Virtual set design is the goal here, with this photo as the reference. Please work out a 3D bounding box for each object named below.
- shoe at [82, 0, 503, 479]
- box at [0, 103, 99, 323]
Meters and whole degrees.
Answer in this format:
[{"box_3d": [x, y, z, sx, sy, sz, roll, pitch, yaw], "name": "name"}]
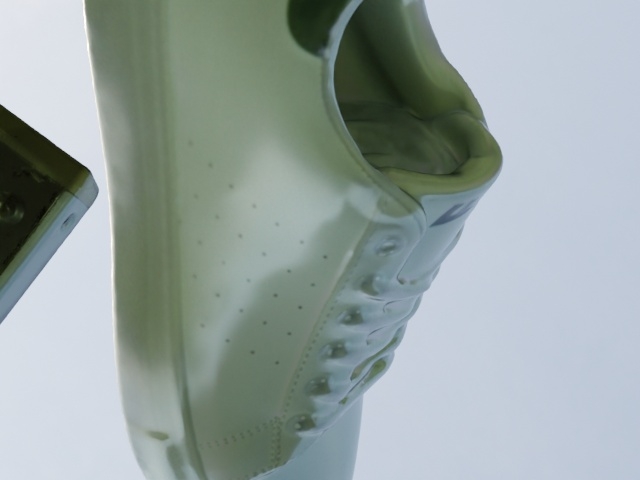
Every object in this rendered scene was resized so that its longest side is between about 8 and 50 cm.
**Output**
[{"box_3d": [0.000, 0.000, 0.583, 0.110, 0.265, 0.095, 7, -144, 24], "name": "shoe"}, {"box_3d": [-0.302, -0.033, 1.213, 0.270, 0.045, 0.211, 37, -95, 13], "name": "box"}]
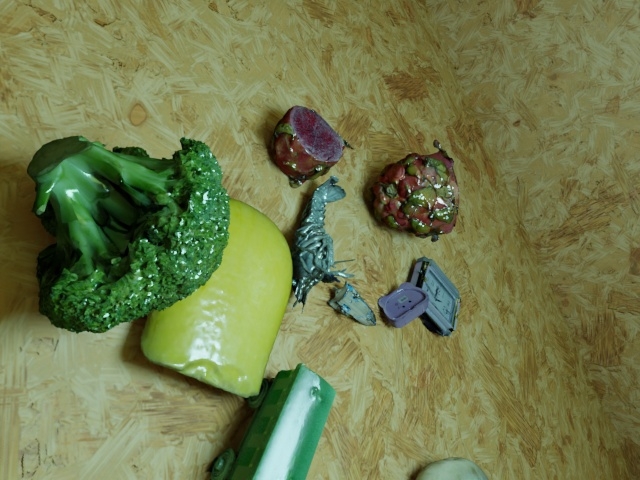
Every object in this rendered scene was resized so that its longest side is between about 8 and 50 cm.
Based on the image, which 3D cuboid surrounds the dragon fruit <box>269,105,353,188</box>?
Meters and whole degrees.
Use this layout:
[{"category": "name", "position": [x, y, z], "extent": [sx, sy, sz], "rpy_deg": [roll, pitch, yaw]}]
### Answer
[{"category": "dragon fruit", "position": [-0.042, -0.263, 1.262], "extent": [0.282, 0.147, 0.210], "rpy_deg": [1, 64, -48]}]

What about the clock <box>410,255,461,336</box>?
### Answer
[{"category": "clock", "position": [0.398, 0.199, 1.548], "extent": [0.253, 0.083, 0.186], "rpy_deg": [47, 46, -22]}]

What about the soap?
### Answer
[{"category": "soap", "position": [-0.201, 0.104, 0.956], "extent": [0.306, 0.115, 0.426], "rpy_deg": [33, 53, -26]}]

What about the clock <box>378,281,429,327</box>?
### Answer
[{"category": "clock", "position": [0.264, 0.206, 1.389], "extent": [0.153, 0.110, 0.050], "rpy_deg": [-30, 133, -18]}]

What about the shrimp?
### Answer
[{"category": "shrimp", "position": [-0.004, 0.003, 1.178], "extent": [0.221, 0.166, 0.410], "rpy_deg": [52, 27, -44]}]

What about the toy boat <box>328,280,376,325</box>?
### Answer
[{"category": "toy boat", "position": [0.108, 0.201, 1.273], "extent": [0.084, 0.066, 0.210], "rpy_deg": [-52, 127, -7]}]

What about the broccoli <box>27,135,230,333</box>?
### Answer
[{"category": "broccoli", "position": [-0.313, -0.027, 0.721], "extent": [0.322, 0.309, 0.413], "rpy_deg": [0, 41, -15]}]

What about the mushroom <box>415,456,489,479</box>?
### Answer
[{"category": "mushroom", "position": [0.407, 0.751, 1.152], "extent": [0.315, 0.336, 0.313], "rpy_deg": [11, 72, -35]}]

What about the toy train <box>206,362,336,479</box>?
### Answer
[{"category": "toy train", "position": [-0.096, 0.399, 0.880], "extent": [0.120, 0.202, 0.300], "rpy_deg": [43, 48, -19]}]

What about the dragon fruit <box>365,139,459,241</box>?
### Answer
[{"category": "dragon fruit", "position": [0.288, -0.155, 1.479], "extent": [0.263, 0.296, 0.313], "rpy_deg": [-5, 78, -11]}]
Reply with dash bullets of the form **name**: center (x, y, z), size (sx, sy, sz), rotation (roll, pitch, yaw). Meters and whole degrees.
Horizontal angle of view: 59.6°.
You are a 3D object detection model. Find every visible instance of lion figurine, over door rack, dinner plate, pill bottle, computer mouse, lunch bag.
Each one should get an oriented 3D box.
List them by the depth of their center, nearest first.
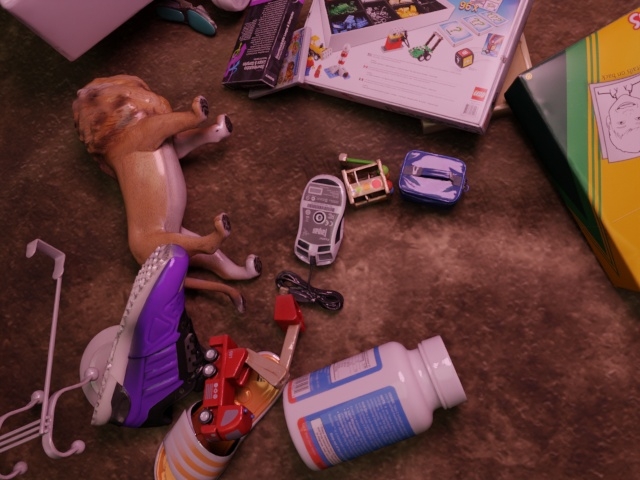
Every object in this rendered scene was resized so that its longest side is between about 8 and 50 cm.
- **pill bottle**: center (0.073, 0.209, 0.739), size (0.222, 0.124, 0.124), rotation (-22, 79, 7)
- **lunch bag**: center (0.161, -0.084, 0.793), size (0.098, 0.065, 0.067), rotation (13, 85, 13)
- **computer mouse**: center (0.000, 0.000, 0.826), size (0.106, 0.042, 0.193), rotation (12, 90, 17)
- **lion figurine**: center (-0.241, -0.070, 0.832), size (0.240, 0.142, 0.392), rotation (-11, 84, 16)
- **over door rack**: center (-0.465, 0.192, 0.845), size (0.240, 0.108, 0.324), rotation (-24, 65, 15)
- **dinner plate**: center (-0.313, 0.202, 0.867), size (0.141, 0.017, 0.141), rotation (-1, 83, 9)

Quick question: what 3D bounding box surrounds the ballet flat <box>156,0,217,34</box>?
- **ballet flat**: center (-0.214, -0.375, 0.920), size (0.114, 0.041, 0.041), rotation (22, 87, 12)

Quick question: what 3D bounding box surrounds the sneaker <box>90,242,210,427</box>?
- **sneaker**: center (-0.214, 0.145, 0.795), size (0.146, 0.102, 0.293), rotation (19, 108, -18)

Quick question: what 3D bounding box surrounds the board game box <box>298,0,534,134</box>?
- **board game box**: center (0.119, -0.284, 0.798), size (0.305, 0.053, 0.193), rotation (22, 94, 23)

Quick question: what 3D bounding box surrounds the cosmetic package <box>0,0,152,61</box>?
- **cosmetic package**: center (-0.259, -0.491, 0.763), size (0.453, 0.161, 0.230), rotation (-36, 79, 1)

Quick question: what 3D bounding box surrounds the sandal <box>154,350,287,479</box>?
- **sandal**: center (-0.155, 0.265, 0.797), size (0.102, 0.076, 0.265), rotation (39, 91, 13)

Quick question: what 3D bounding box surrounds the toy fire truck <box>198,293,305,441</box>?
- **toy fire truck**: center (-0.091, 0.175, 0.772), size (0.135, 0.047, 0.192), rotation (-9, 55, 11)

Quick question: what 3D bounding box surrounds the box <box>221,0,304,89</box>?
- **box**: center (-0.087, -0.312, 0.861), size (0.116, 0.029, 0.162), rotation (15, 83, 48)

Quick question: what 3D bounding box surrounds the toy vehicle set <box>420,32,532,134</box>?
- **toy vehicle set**: center (0.209, -0.305, 0.830), size (0.166, 0.035, 0.266), rotation (-11, 80, 9)

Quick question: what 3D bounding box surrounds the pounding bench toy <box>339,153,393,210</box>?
- **pounding bench toy**: center (0.068, -0.096, 0.819), size (0.065, 0.052, 0.083), rotation (-17, 79, 8)

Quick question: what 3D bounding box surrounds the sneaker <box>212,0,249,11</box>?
- **sneaker**: center (-0.194, -0.491, 0.904), size (0.169, 0.108, 0.292), rotation (-2, 73, 13)

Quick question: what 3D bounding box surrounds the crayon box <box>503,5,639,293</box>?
- **crayon box**: center (0.478, -0.154, 0.705), size (0.363, 0.106, 0.313), rotation (-29, 86, 6)

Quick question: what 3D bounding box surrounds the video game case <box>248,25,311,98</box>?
- **video game case**: center (-0.063, -0.269, 0.852), size (0.122, 0.011, 0.087), rotation (-1, 77, 47)
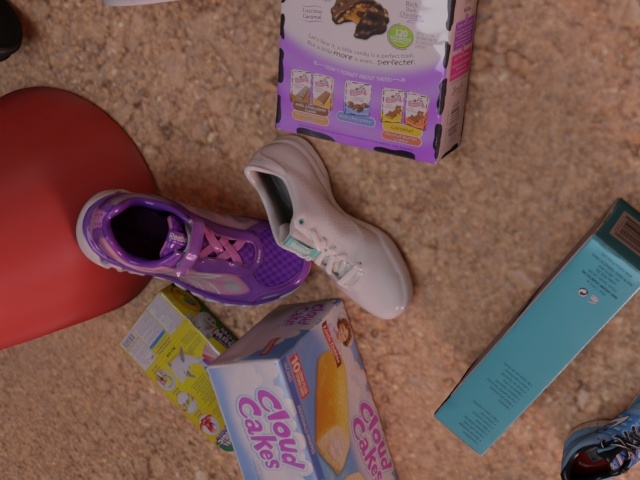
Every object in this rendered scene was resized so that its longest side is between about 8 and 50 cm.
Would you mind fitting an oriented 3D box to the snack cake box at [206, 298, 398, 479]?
[{"bbox_3d":[-0.006,0.210,1.155,0.089,0.152,0.265,-9,106,31],"label":"snack cake box"}]

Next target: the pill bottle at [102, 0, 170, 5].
[{"bbox_3d":[-0.152,-0.355,0.996,0.162,0.162,0.279,2,111,28],"label":"pill bottle"}]

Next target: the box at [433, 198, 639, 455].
[{"bbox_3d":[0.204,0.080,1.018,0.060,0.100,0.244,40,124,8],"label":"box"}]

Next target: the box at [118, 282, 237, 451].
[{"bbox_3d":[-0.130,0.142,1.261,0.179,0.043,0.105,47,124,7],"label":"box"}]

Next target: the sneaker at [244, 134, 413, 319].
[{"bbox_3d":[0.000,0.000,1.100,0.080,0.094,0.212,-41,88,33],"label":"sneaker"}]

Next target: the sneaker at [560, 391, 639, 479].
[{"bbox_3d":[0.284,0.185,1.033,0.063,0.073,0.162,50,124,2],"label":"sneaker"}]

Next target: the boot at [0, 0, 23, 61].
[{"bbox_3d":[-0.442,-0.183,1.283,0.262,0.091,0.229,27,126,21],"label":"boot"}]

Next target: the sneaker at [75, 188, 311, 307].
[{"bbox_3d":[-0.122,0.006,1.114,0.236,0.104,0.095,13,81,-10],"label":"sneaker"}]

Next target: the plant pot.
[{"bbox_3d":[-0.347,-0.004,1.198,0.274,0.243,0.275,11,115,25],"label":"plant pot"}]

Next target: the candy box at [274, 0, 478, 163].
[{"bbox_3d":[0.050,-0.184,1.012,0.164,0.070,0.196,16,117,23],"label":"candy box"}]
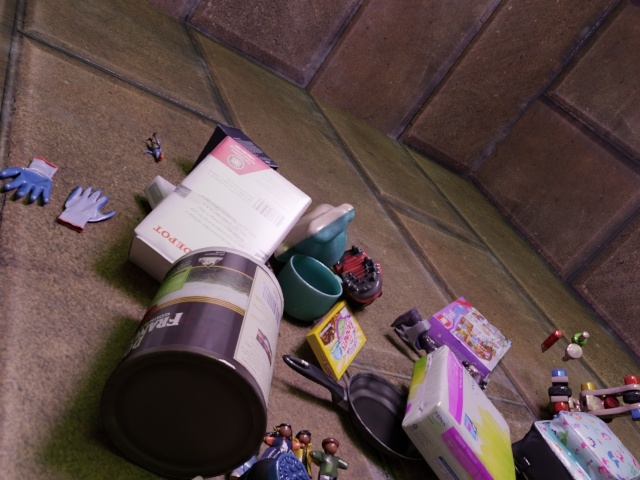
*-*-*
### What is being asked
Find "roll" in the preceding records. Copy each line that holds it.

### Task answer
[{"box_3d": [x, y, z, sx, sy, sz, roll, pitch, yaw], "name": "name"}]
[{"category": "name", "position": [x, y, z], "extent": [sx, sy, sz], "rpy_deg": [roll, pitch, yaw]}]
Reply with dash bullets of the form **name**: center (x, y, z), size (sx, sy, sz), rotation (roll, pitch, yaw). Meters and whole degrees.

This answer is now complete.